Equation: $F_e = k_e \frac{q_1 q_2}{R^2}$
Relationships: * Force and charges are directly proportional. * Force and distance are inversely proportional. * Force will increase when objects are closer and decrease when objects are further apart.

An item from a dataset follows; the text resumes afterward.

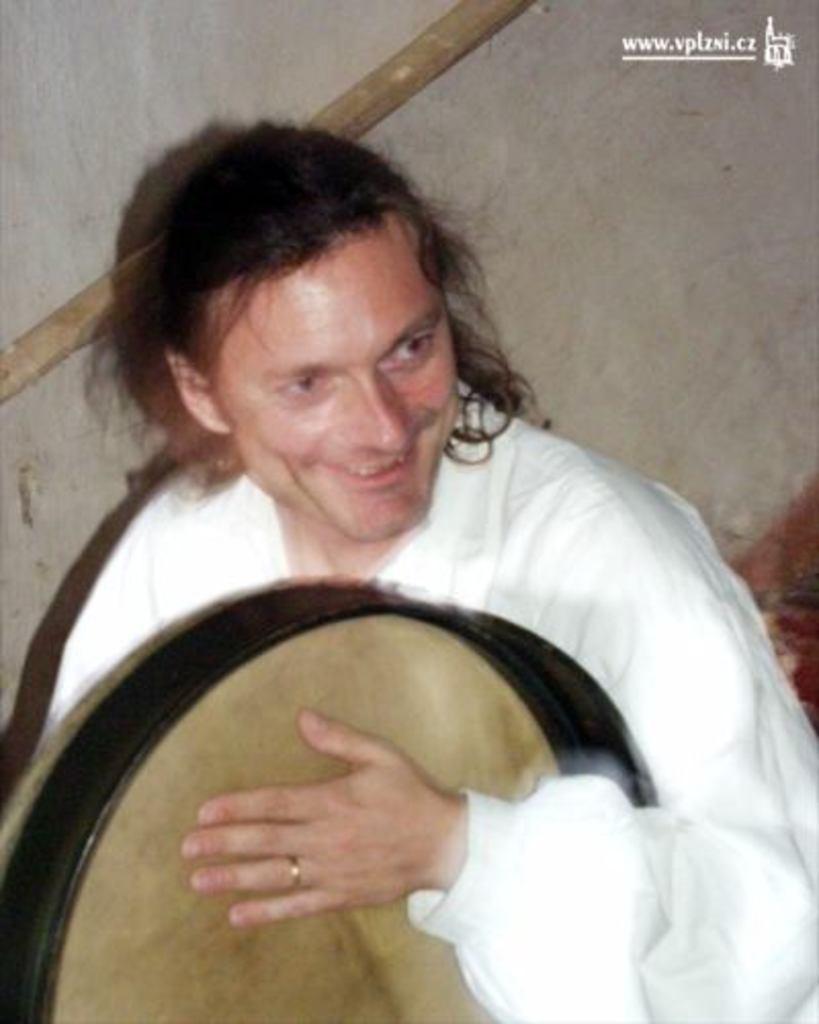Could you give a brief overview of what you see in this image? A man is holding the drum, he is smiling. He wore a white color dress.

2. Electrical Force Between Protons

Data: Two protons ( $q = 1.6 \times 10^{-19}\,C$ ) at a distance of $10.6 \times 10^{-11}\,m$ .
Calculation: * $F_e = \frac{(8.99 \times 10^9)(1.6 \times 10^{-19})(1.6 \times 10^{-19})}{(10.6 \times 10^{-11})^2}$ * $F_e = \frac{2.30 \times 10^{-28}}{1.123 \times 10^{-20}}$
Result: $F_e = 2.1 \times 10^{-8}$

3. Charge Calculation

Scenario: Particle next to an electron ( $q = -1.6 \times 10^{-19}\,C$ ) at distance $7.6 \times 10^{-12}\,m$ with force $14.5 \times 10^8\,N$ .
Step: $q_1 q_2 = \frac{F R^2}{k_e}$
Result: $q = -9.31 \times 10^{-40}\,C$

Unit 7: Rotational Motion

1. Centripetal Calculations

Scenario: A $79\,kg$ object spinning at $15\,m/s$ on a platform with radius $2.75\,m$ .
Centripetal Acceleration ( $A_c$ ): * $A_c = \frac{v^2}{r} = \frac{15^2}{2.75}$ * Result: $81.81\,m/s^2$
Centripetal Force ( $F_c$ ): * $F_c = ma = 79 \times 81.81$ * Result: $6463\,N$
Effect of Doubling Speed: * Speed ( $v$ ) doubled to $30\,m/s$ . * $F_c = \frac{mv^2}{r} = \frac{79 \times 30^2}{2.75}$ * Result: $25,854.55\,N$

2. Torque Calculation

Scenario: Applying $5.6\,N$ of force at an angle of $30^\circ$ with a radius of $0.24\,m$ .
Formula: $\tau = r F \sin(\theta)$
Calculation: $\tau = 5.6 \times 0.24 \times \sin(30^\circ)$
Result: $\tau = 0.672\,N\cdot m$
Increasing the Radius: * Radius increased to $0.48\,m$ . * Calculation: $\tau = 5.6 \times 0.48 \times \sin(30^\circ)$ * Result: $1.344\,N\cdot m$ * Implication: Increasing the radius makes it easier to push.